Look through the data below and work out how many lines hold "HFOV"; state only the number.

# # # # #

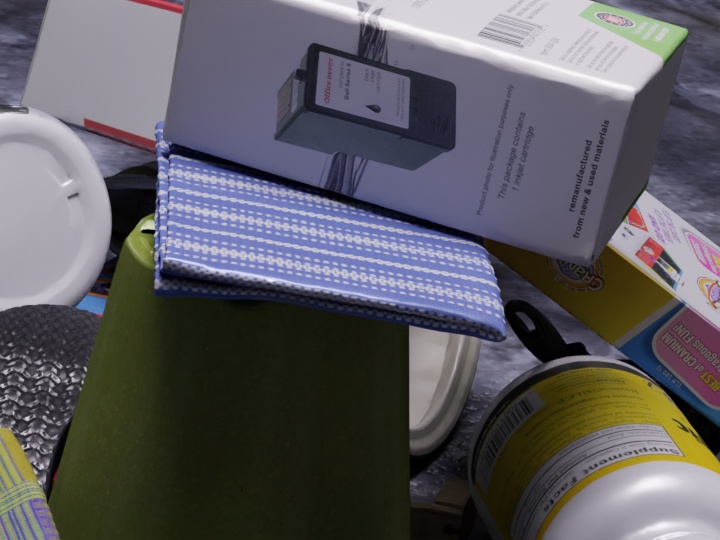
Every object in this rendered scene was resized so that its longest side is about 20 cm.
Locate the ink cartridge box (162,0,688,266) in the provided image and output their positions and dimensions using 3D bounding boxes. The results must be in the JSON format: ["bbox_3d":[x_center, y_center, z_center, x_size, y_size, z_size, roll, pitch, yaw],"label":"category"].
[{"bbox_3d":[0.031,-0.084,1.166,0.200,0.084,0.146,17,20,11],"label":"ink cartridge box"}]

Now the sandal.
[{"bbox_3d":[-0.171,0.085,1.283,0.075,0.045,0.200,14,38,2],"label":"sandal"}]

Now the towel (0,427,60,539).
[{"bbox_3d":[-0.189,0.136,1.083,0.143,0.023,0.200,-27,26,-8],"label":"towel"}]

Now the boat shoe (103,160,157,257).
[{"bbox_3d":[-0.101,-0.019,1.472,0.065,0.075,0.202,-8,20,-24],"label":"boat shoe"}]

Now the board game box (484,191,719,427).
[{"bbox_3d":[0.122,-0.014,1.330,0.200,0.040,0.153,37,17,-8],"label":"board game box"}]

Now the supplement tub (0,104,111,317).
[{"bbox_3d":[-0.231,-0.029,1.426,0.122,0.123,0.200,-4,4,-33],"label":"supplement tub"}]

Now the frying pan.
[{"bbox_3d":[0.104,0.063,1.332,0.190,0.115,0.031,29,49,-33],"label":"frying pan"}]

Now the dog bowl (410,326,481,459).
[{"bbox_3d":[0.000,0.000,1.399,0.074,0.200,0.200,0,14,24],"label":"dog bowl"}]

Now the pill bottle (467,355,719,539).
[{"bbox_3d":[0.123,0.124,1.201,0.111,0.111,0.200,4,20,-13],"label":"pill bottle"}]

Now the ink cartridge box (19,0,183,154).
[{"bbox_3d":[-0.069,-0.097,1.501,0.200,0.084,0.144,13,5,-44],"label":"ink cartridge box"}]

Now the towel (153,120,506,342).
[{"bbox_3d":[-0.018,-0.018,1.115,0.145,0.024,0.200,9,20,-7],"label":"towel"}]

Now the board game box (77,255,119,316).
[{"bbox_3d":[-0.092,0.034,1.482,0.151,0.037,0.200,13,21,17],"label":"board game box"}]

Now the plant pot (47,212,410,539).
[{"bbox_3d":[-0.053,0.077,1.142,0.200,0.190,0.200,7,19,-2],"label":"plant pot"}]

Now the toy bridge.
[{"bbox_3d":[-0.045,0.108,1.305,0.200,0.027,0.067,12,20,12],"label":"toy bridge"}]
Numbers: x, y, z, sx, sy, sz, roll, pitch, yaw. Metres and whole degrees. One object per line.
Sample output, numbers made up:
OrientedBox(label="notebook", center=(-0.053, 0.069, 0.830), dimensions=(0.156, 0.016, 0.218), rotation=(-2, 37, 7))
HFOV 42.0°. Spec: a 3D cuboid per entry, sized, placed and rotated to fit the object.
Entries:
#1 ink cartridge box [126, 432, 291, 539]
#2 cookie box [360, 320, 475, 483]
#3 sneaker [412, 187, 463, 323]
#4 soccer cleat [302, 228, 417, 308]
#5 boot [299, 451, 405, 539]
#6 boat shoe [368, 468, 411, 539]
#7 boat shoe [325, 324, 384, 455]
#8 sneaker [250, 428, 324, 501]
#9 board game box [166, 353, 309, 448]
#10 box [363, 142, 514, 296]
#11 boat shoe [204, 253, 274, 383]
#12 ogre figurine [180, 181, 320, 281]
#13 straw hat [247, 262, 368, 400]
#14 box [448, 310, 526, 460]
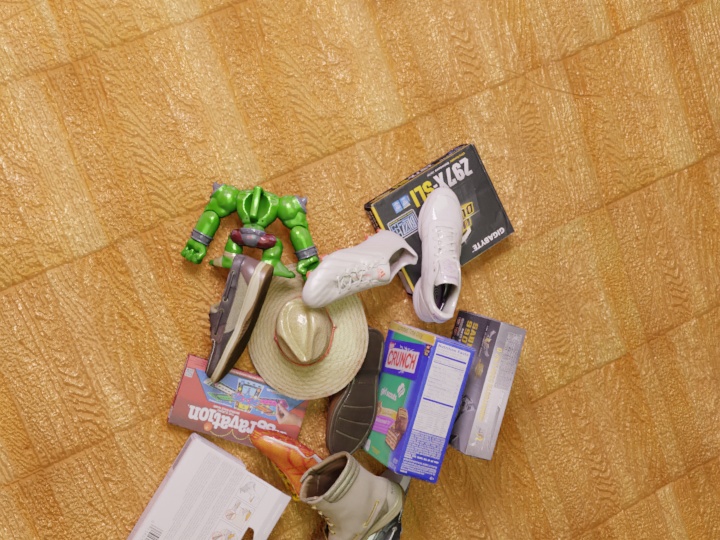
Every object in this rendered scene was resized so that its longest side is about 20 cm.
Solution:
OrientedBox(label="ink cartridge box", center=(-0.227, 0.372, 1.383), dimensions=(0.175, 0.045, 0.202), rotation=(34, 84, -16))
OrientedBox(label="cookie box", center=(0.078, 0.191, 1.405), dimensions=(0.074, 0.171, 0.204), rotation=(18, 88, -21))
OrientedBox(label="sneaker", center=(0.128, -0.021, 1.394), dimensions=(0.073, 0.099, 0.205), rotation=(3, 93, -16))
OrientedBox(label="soccer cleat", center=(0.000, 0.000, 1.342), dimensions=(0.198, 0.077, 0.070), rotation=(-32, 139, -37))
OrientedBox(label="boot", center=(-0.046, 0.361, 1.374), dimensions=(0.200, 0.072, 0.154), rotation=(-45, 131, 7))
OrientedBox(label="boat shoe", center=(0.033, 0.399, 1.456), dimensions=(0.067, 0.071, 0.203), rotation=(33, 80, -23))
OrientedBox(label="boat shoe", center=(-0.013, 0.182, 1.430), dimensions=(0.071, 0.068, 0.204), rotation=(19, 86, -27))
OrientedBox(label="sneaker", center=(-0.091, 0.299, 1.390), dimensions=(0.199, 0.073, 0.078), rotation=(41, 78, -30))
OrientedBox(label="board game box", center=(-0.179, 0.204, 1.400), dimensions=(0.196, 0.019, 0.105), rotation=(19, 89, -18))
OrientedBox(label="box", center=(0.124, -0.081, 1.465), dimensions=(0.198, 0.049, 0.162), rotation=(-31, 101, -13))
OrientedBox(label="boat shoe", center=(-0.183, 0.066, 1.330), dimensions=(0.064, 0.073, 0.203), rotation=(29, 111, 7))
OrientedBox(label="ogre figurine", center=(-0.149, -0.057, 1.346), dimensions=(0.196, 0.098, 0.123), rotation=(9, 90, 19))
OrientedBox(label="straw hat", center=(-0.084, 0.086, 1.354), dimensions=(0.196, 0.085, 0.206), rotation=(0, 86, 5))
OrientedBox(label="box", center=(0.175, 0.172, 1.441), dimensions=(0.047, 0.158, 0.204), rotation=(16, 90, -18))
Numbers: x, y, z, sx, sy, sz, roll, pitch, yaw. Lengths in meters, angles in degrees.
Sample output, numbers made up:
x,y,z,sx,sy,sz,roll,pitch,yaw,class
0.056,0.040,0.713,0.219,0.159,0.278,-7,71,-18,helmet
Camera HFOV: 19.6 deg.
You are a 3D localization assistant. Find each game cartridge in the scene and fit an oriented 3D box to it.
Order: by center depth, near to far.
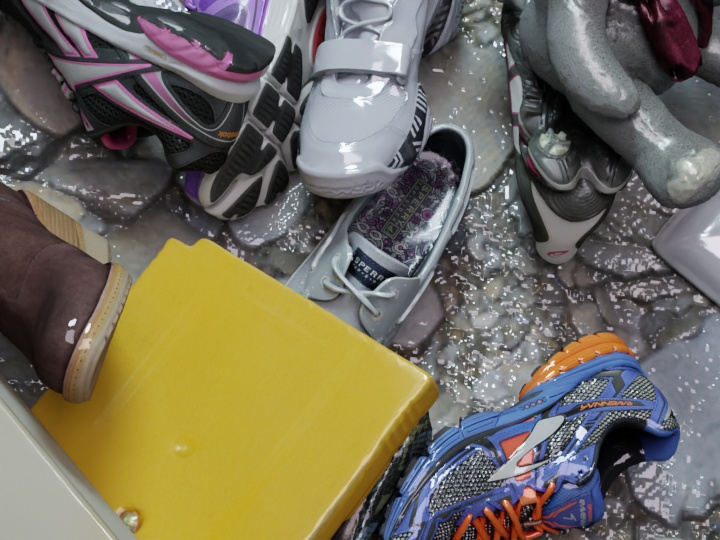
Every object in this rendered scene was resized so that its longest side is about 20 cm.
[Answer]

# # # # #

### [Reply to the task]
2